À moins de deux mois du coup d’envoi, la Coupe d’Afrique des Nations féminine 2026 (CAN féminine 2026) change brutalement de décor. Le Maroc, pays initialement désigné pour accueillir la compétition prévue en mars, a décidé de se retirer. Une annonce de dernière minute qui a contraint la Confédération africaine de football (CAF) à réagir dans l’urgence. L’instance continentale a finalement confié l’organisation du tournoi à l’Afrique du Sud.
La décision marocaine a provoqué un véritable coup de théâtre. À seulement 60 jours de l’événement, la CAF s’est retrouvée face à un défi logistique majeur. Il fallait trouver, en un temps record, un pays capable d’assurer l’accueil des sélections, la disponibilité des stades et l’ensemble des exigences organisationnelles. Pretoria a rapidement levé la main.

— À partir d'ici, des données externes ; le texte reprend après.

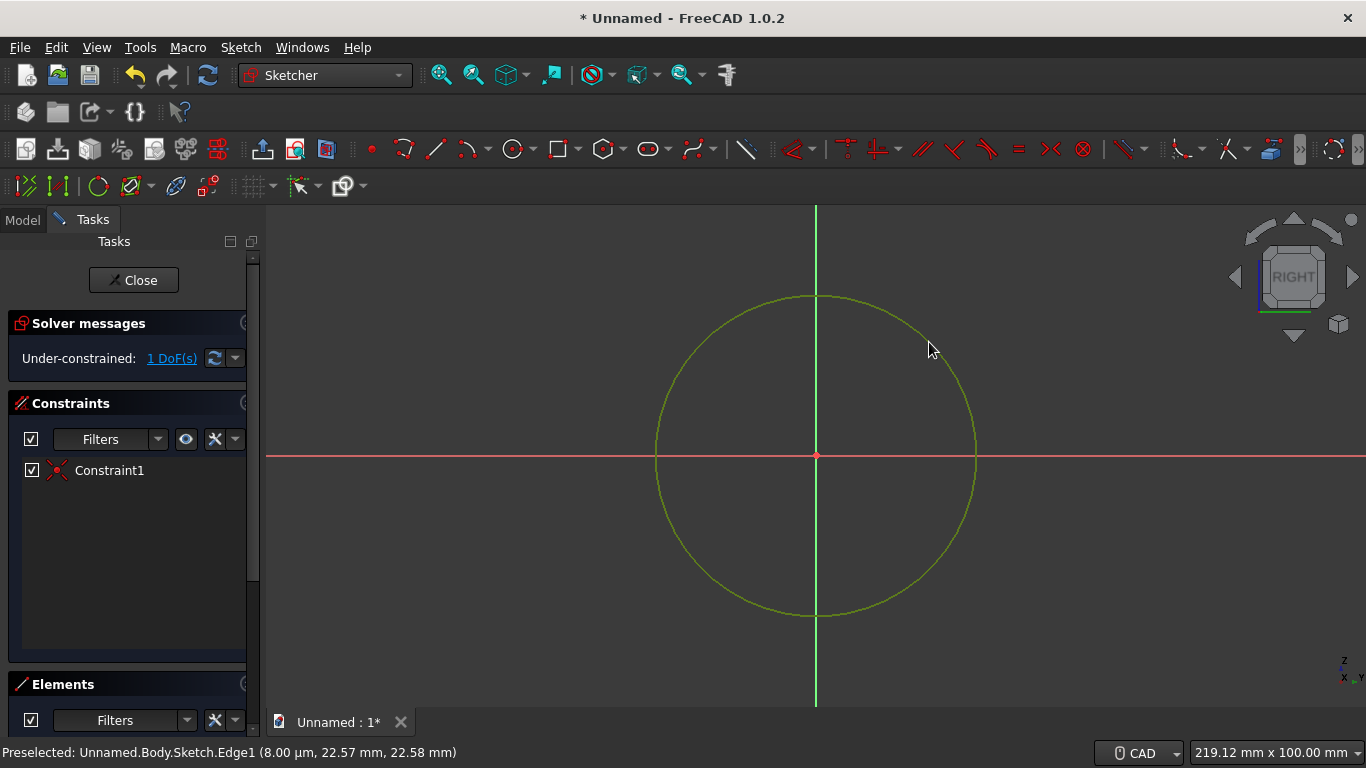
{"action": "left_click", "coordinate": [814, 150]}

Présente lors de la cérémonie de la Hollywoodbets Super League, la vice-ministre sud-africaine des Sports, Peace Mabe, a confirmé l’engagement de son pays : « Lorsque le Maroc a indiqué qu’il n’était pas prêt, nous avons répondu présents. Nous disposons des infrastructures nécessaires. Nous avons organisé la Coupe du monde 2010, nous sommes prêts », a-t-elle assuré. Un message clair, destiné à rassurer la CAF et les équipes engagées.
Ce retrait tardif interpelle. Il intervient dans un contexte sensible, marqué par des sanctions récemment infligées par la CAF à la suite d’un match face au Sénégal. Au Maroc, plusieurs analystes évoquent un malaise plus profond. Certains s’interrogent sur l’état des relations entre le président de la CAF, Patrice Motsepe, et Fouzi Lekjaa, vice-président de l’instance et président de la Fédération royale marocaine de football. Aucune confirmation officielle n’existe, mais la finale de la CAN 2025 perdue à domicile et les décisions disciplinaires récentes nourrissent les spéculations.

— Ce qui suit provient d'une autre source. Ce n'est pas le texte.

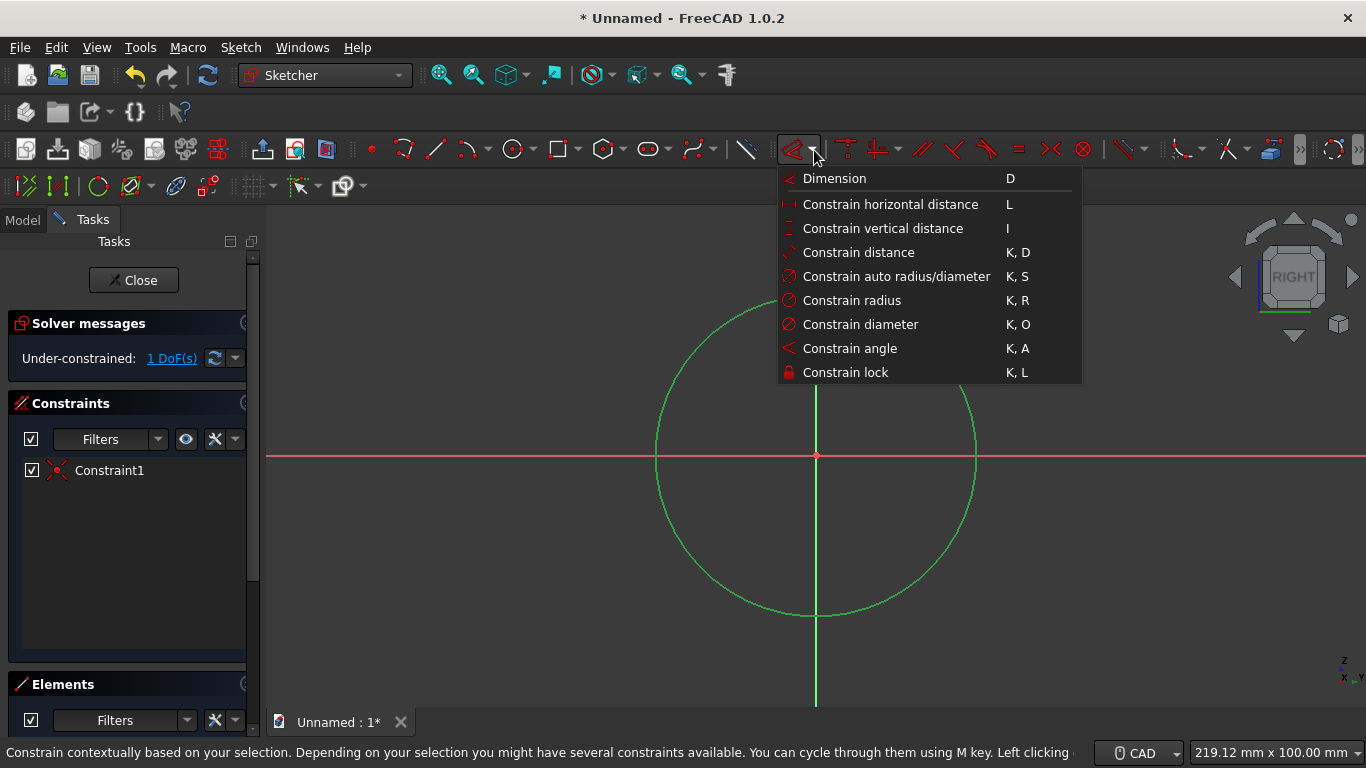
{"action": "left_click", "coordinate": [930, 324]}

Sur le plan réglementaire, les textes de la CAF sont sans ambiguïté. Tout pays hôte qui se retire à moins de six mois du tournoi s’expose à de lourdes sanctions. Celles-ci incluent une amende de 250 000 dollars, la prise en charge des préjudices financiers et moraux, ainsi qu’une suspension des deux prochaines CAN féminines pour la sélection concernée.

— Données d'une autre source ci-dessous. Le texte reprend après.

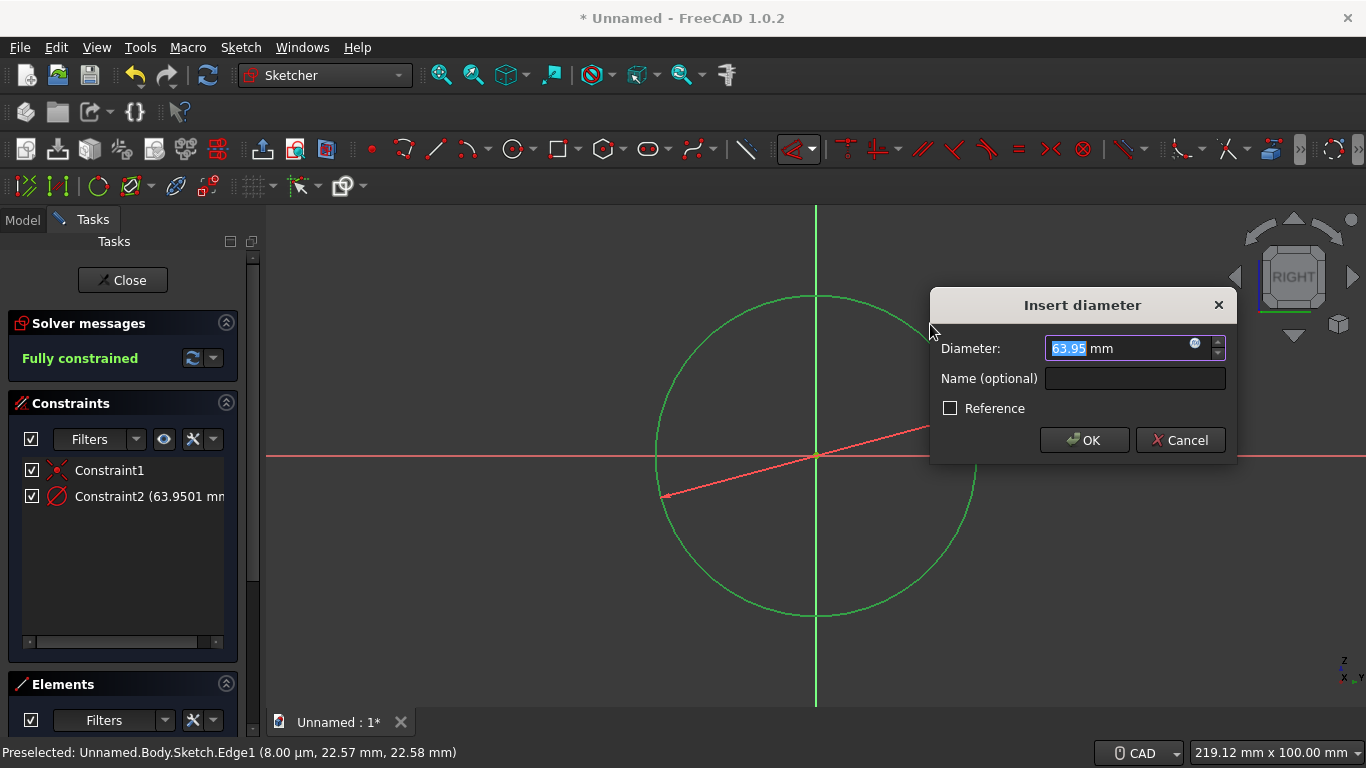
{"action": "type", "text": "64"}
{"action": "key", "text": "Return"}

Si ces sanctions venaient à être appliquées, le Maroc ne participerait pas à la CAN féminine 2026, pourtant qualificative pour la Coupe du monde 2027. Les Lionnes de l’Atlas, placées dans le groupe A, devaient notamment affronter l’Algérie et le Sénégal.
Ce précédent rappelle un épisode marquant. En 2015, le Maroc s’était déjà retiré de l’organisation d’une CAN, invoquant alors les risques sanitaires liés à l’épidémie d’Ebola.
Au-delà du changement de pays hôte, ce retrait pourrait rebattre les cartes sur le plan sportif. Une éventuelle exclusion du Maroc modifierait profondément la course à la qualification pour la Coupe du monde féminine 2027… et pourrait même redistribuer les chances dans la lutte pour le titre continental.